• [WORK ORDER] Find every line in the records below that holds the word "solid", and copy it out.

____

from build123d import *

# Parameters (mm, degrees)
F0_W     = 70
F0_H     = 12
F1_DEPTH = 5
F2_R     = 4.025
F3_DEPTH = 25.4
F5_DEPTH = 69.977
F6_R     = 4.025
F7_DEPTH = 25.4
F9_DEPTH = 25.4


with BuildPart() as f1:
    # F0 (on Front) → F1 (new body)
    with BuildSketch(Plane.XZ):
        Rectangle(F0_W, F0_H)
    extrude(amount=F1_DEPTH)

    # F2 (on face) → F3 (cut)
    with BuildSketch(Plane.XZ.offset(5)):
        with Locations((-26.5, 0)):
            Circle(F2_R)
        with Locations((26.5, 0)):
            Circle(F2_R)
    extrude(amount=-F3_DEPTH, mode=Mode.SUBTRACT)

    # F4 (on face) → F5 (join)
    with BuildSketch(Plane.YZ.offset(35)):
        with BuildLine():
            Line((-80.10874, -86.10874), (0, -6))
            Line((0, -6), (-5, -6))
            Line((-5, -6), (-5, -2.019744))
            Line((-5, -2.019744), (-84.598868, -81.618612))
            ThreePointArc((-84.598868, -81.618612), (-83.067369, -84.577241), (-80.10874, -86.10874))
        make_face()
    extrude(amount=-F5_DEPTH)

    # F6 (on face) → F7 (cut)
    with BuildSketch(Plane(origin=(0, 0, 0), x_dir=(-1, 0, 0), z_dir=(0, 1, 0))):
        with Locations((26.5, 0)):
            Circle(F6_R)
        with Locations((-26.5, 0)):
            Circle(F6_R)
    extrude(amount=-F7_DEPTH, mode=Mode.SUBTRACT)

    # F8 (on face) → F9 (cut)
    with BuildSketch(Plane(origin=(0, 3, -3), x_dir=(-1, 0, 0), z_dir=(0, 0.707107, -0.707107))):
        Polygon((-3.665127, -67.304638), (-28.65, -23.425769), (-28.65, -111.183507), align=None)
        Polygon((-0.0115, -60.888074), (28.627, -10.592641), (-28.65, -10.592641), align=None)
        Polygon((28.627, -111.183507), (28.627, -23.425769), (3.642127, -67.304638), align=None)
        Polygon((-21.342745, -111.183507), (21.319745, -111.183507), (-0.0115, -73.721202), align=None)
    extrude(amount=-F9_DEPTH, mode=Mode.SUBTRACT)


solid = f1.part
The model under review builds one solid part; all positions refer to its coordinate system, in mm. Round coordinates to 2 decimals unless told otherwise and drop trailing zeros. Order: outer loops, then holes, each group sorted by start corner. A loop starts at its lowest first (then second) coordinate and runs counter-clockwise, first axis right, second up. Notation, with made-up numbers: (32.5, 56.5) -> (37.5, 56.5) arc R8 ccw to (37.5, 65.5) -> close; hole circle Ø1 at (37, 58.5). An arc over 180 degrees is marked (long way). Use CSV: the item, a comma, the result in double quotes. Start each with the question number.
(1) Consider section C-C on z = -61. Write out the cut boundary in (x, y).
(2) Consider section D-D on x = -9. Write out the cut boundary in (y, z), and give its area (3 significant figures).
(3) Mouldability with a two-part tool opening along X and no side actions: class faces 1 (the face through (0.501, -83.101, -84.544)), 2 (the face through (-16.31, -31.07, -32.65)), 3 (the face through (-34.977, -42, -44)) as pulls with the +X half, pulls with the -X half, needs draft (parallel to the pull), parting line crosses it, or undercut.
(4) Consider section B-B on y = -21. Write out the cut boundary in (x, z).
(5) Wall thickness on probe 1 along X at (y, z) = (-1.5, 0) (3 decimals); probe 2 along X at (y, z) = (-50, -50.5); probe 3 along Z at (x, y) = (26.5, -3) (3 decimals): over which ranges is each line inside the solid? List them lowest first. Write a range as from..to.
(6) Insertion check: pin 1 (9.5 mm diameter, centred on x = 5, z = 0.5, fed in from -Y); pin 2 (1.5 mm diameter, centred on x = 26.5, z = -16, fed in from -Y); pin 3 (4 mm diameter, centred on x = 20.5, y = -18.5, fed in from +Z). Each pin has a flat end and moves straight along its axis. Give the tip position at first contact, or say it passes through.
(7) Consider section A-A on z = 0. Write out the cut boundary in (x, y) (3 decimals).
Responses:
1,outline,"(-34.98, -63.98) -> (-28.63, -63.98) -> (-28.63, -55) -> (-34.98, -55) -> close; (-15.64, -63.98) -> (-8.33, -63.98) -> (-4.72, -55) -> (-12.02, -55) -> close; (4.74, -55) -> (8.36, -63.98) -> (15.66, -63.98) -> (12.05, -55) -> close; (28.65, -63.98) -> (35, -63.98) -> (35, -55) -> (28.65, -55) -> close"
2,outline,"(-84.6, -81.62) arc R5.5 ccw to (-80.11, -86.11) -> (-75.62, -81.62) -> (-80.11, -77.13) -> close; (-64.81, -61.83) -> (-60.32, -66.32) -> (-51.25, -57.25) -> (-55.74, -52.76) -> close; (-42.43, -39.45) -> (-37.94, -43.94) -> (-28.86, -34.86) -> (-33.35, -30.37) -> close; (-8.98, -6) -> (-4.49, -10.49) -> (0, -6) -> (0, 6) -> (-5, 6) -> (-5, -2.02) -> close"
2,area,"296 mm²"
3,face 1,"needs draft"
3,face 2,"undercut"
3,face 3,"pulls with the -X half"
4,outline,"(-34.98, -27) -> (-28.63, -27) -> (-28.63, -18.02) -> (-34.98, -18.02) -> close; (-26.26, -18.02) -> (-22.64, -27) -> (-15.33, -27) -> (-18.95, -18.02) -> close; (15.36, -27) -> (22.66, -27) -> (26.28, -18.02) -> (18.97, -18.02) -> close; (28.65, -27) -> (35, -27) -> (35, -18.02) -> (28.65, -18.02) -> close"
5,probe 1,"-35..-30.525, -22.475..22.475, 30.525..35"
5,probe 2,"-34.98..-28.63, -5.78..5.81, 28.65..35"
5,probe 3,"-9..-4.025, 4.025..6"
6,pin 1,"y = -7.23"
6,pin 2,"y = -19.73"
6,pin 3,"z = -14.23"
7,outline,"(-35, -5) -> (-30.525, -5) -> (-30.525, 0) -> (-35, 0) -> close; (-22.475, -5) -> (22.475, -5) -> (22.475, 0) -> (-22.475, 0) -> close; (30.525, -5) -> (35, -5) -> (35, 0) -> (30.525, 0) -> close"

____

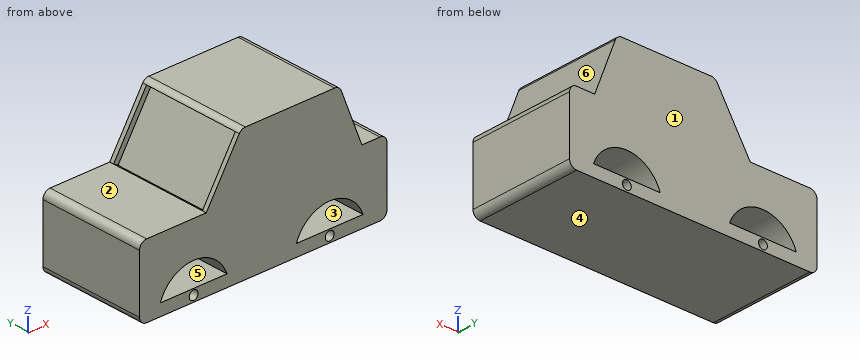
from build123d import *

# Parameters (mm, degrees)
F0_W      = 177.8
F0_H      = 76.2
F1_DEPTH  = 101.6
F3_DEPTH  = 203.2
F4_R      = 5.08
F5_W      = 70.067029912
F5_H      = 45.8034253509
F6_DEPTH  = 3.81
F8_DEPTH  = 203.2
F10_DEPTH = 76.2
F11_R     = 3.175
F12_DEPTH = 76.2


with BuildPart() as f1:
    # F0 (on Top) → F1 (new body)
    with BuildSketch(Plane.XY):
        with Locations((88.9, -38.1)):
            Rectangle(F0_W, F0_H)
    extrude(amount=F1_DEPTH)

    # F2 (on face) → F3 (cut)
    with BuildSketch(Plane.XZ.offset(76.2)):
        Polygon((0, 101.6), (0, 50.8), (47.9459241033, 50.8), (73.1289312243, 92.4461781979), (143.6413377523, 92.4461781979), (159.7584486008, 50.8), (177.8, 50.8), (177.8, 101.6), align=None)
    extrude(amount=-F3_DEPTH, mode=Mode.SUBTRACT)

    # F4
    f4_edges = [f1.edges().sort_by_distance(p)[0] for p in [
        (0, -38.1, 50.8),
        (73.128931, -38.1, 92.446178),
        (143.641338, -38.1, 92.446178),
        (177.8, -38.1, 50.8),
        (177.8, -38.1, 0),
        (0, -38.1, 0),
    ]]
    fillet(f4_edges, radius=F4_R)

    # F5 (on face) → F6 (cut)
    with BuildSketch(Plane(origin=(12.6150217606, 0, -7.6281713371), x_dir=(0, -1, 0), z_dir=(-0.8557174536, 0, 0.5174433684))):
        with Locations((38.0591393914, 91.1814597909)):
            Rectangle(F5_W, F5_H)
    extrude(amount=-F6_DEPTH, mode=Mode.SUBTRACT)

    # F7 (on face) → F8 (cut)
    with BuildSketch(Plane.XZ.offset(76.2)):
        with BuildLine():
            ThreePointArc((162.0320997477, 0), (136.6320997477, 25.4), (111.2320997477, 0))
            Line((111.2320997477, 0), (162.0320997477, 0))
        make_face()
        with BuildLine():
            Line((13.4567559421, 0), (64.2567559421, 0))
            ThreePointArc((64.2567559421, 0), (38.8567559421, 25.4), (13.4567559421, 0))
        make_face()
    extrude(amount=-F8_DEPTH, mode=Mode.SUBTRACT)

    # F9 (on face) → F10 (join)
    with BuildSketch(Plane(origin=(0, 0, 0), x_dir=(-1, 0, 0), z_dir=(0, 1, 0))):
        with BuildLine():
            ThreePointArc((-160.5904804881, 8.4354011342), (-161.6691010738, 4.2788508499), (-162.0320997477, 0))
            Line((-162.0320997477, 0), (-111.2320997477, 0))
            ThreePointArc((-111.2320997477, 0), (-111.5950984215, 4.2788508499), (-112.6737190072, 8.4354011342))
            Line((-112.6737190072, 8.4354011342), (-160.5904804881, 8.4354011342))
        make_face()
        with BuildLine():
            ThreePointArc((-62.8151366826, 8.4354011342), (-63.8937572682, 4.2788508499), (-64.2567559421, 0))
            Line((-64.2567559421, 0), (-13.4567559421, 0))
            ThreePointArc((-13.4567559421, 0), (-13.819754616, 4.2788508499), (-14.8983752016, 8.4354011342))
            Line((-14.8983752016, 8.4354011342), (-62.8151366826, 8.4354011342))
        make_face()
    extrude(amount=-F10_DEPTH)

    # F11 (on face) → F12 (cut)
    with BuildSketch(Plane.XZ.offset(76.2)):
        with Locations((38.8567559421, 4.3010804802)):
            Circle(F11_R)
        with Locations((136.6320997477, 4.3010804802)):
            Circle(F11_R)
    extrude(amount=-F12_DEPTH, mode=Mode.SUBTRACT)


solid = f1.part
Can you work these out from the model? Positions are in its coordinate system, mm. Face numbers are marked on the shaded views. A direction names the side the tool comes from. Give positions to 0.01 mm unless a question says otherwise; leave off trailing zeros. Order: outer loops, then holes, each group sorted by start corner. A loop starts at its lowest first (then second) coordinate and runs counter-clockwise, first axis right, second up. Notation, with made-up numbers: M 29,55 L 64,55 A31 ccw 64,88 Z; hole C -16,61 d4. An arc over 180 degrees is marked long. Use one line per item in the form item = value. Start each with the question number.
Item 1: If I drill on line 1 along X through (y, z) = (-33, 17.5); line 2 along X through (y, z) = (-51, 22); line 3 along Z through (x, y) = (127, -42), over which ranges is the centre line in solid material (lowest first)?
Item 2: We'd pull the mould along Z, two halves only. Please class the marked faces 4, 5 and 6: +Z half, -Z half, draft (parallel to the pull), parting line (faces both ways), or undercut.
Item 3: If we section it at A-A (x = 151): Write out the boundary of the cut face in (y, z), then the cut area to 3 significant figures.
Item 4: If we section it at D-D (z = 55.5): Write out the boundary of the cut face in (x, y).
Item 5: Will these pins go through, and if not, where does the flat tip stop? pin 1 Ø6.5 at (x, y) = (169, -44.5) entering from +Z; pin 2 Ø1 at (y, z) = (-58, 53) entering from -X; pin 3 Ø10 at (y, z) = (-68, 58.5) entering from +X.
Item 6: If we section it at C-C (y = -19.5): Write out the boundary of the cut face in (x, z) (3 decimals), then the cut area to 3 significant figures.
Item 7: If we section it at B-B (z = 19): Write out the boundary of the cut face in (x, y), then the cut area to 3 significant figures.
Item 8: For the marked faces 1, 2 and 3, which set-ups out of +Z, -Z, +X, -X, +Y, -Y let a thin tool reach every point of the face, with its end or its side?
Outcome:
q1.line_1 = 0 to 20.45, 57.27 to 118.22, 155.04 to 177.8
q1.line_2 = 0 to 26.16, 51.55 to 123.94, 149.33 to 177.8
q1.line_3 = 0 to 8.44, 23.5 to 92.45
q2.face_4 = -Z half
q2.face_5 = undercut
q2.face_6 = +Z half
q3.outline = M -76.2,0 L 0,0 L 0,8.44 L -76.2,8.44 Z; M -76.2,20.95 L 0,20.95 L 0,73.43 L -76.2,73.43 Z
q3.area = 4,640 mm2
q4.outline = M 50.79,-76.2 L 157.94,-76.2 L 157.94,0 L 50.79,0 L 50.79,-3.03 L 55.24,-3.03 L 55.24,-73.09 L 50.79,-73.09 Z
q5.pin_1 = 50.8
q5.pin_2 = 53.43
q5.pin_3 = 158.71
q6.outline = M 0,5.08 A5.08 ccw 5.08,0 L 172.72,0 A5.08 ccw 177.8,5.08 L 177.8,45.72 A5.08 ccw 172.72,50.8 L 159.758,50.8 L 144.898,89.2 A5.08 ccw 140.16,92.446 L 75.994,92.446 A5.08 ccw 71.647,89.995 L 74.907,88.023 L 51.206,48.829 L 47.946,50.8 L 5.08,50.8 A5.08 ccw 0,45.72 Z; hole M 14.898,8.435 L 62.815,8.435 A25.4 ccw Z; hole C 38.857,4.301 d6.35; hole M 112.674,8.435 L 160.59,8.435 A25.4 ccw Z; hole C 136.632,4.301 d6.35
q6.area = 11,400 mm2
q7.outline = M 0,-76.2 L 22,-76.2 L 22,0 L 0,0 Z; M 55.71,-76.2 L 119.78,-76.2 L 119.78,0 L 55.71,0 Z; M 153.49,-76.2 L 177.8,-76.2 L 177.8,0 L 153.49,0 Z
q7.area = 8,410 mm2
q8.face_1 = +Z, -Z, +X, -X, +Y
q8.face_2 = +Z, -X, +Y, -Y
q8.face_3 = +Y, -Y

____

• [SOLUTION FOR THIS TASK]
solid = f1.part
The model under review builds one solid part; all positions refer to its coordinate system, in mm. Round coordinates to 2 decimals unless told otherwise and drop trailing zeros. Order: outer loops, then holes, each group sorted by start corner. A loop starts at its lowest first (then second) coordinate and runs counter-clockwise, first axis right, second up. Notation, with made-up numbers: (32.5, 56.5) -> (37.5, 56.5) arc R8 ccw to (37.5, 65.5) -> close; hole circle Ø1 at (37, 58.5). An arc over 180 degrees is marked (long way). Use CSV: the item, a comma, the result in double quotes. Start each with the question number.
(5) Wall thickness on probe 1 along X at (y, z) = (-1.5, 0) (3 decimals); probe 2 along X at (y, z) = (-50, -50.5); probe 3 along Z at (x, y) = (26.5, -3) (3 decimals): over which ranges is each line inside the solid? List them lowest first. Write a range as from..to.
solid = f1.part
Item 1: If I drill on line 1 along X through (y, z) = (-33, 17.5); line 2 along X through (y, z) = (-51, 22); line 3 along Z through (x, y) = (127, -42), over which ranges is the centre line in solid material (lowest first)?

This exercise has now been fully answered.